# Moguls! I wish you a painful melt in summer!!



## HoboMaster (May 16, 2010)

No, their not. Snowboards simply do not work on moguls like skies do. The only way to navigate moguls on a board is to check your speed and basically navigate back and forth between the LOW spots in the humps. Imagine all the moguls are a bunch of canyons right. you want to stay at the bottom of the crevice, rather then riding up on top of the canyon.

Ideally you never actually get on top of a hump, you just navigate around them. Ultimately, moguls are not a fun part of snowboarding, and is part of the reason snowboarders dislike skiers, because skiers make them by doing quick short turns back and forth.

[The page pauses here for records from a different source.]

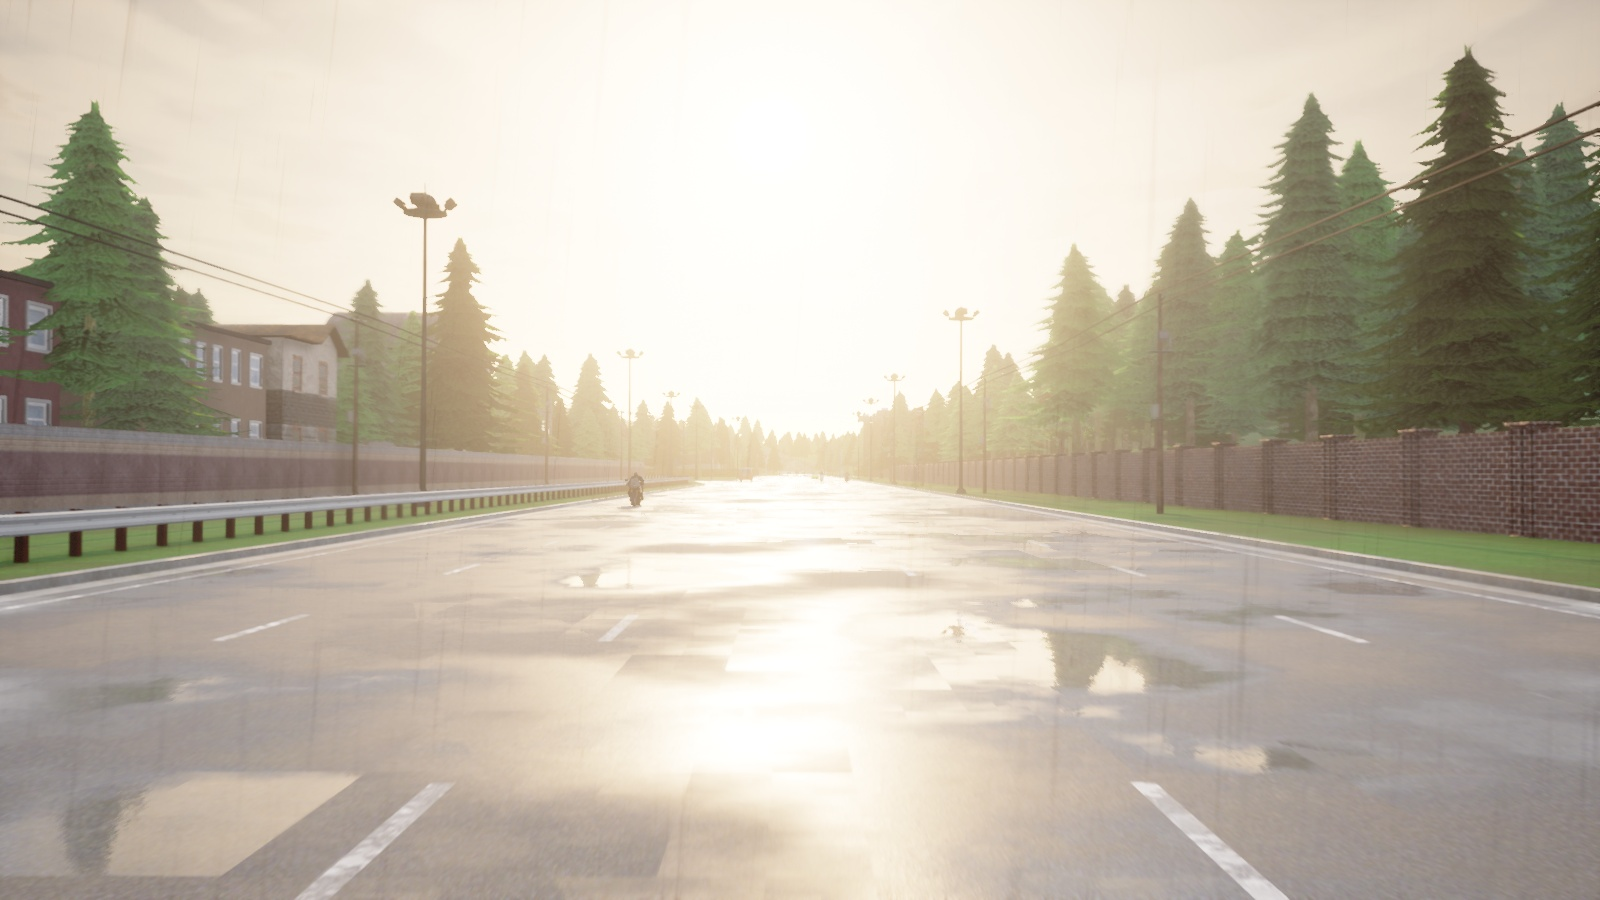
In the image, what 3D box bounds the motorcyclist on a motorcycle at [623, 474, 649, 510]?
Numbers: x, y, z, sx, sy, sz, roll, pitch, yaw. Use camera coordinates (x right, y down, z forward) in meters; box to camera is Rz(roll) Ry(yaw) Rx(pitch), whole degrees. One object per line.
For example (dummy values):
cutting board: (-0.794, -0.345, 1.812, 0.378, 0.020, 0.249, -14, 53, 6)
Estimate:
motorcyclist on a motorcycle: (-7.132, 1.795, 54.765, 0.866, 1.530, 2.191, 0, -1, 0)

"God damn skiers, they turned that beautiful powder into 3 foot moguls again, I'm going home"


----------



## rasmasyean (Jan 26, 2008)

Moguls in general are usually tough for snowboarders. It’s because you don’t usually get the time to set up your turn and stuff and the variable terrain throws off our speed. In general, you have to plan your turns or 2 or 3 ahead. Even then, you often get only a brief moment to make your turn.

The way I do it is I used a technique called “counter-rotation”. I stick my arms out and rotate them in the opposite direction of the board rotation. Because “Newtons 3rd law: Every action has an equal and opposite reaction”, it enables the board to rotate a lot faster, especially when you are ”unweighted” from the ground, i.e. your full weight is not pressing on the ground. You can even pre-twist your body/arms to gain a larger range of board rotation/skid-force (assuming you edge it properly).

If you want to try this, do this exercise on small incline slope first and then steeper. Put your arms out, go straight down and rotate them CCW as you rotate the board CW…and try CW/CCW. Go slow at first until you are used to it. You can experiment with pre-twist: put your arms out a little CW instead of tip-tail aligned, then rotate them MORE CCW as you rotate your board MORE CW. When you are better, you can “link” them back to back without having to go straight. When you are used to this, you can try it in the moguls. And then instead of the gradual dynamic turns, you will be pretty much slashing around to make your turns between the moguls. Also, you can experiment with concentrating more of your weight (around 70%) on your lead foot (i.e. tail-unweighting), and it will alow your tail to "swing" easily.

This video is the best example I can find but I think I’m a bit stiffer when I do them myself personally. I think I can beat him in a mogul race though. You can see his lead arm do left hooks and back hands, while is rear arm does karate chops. 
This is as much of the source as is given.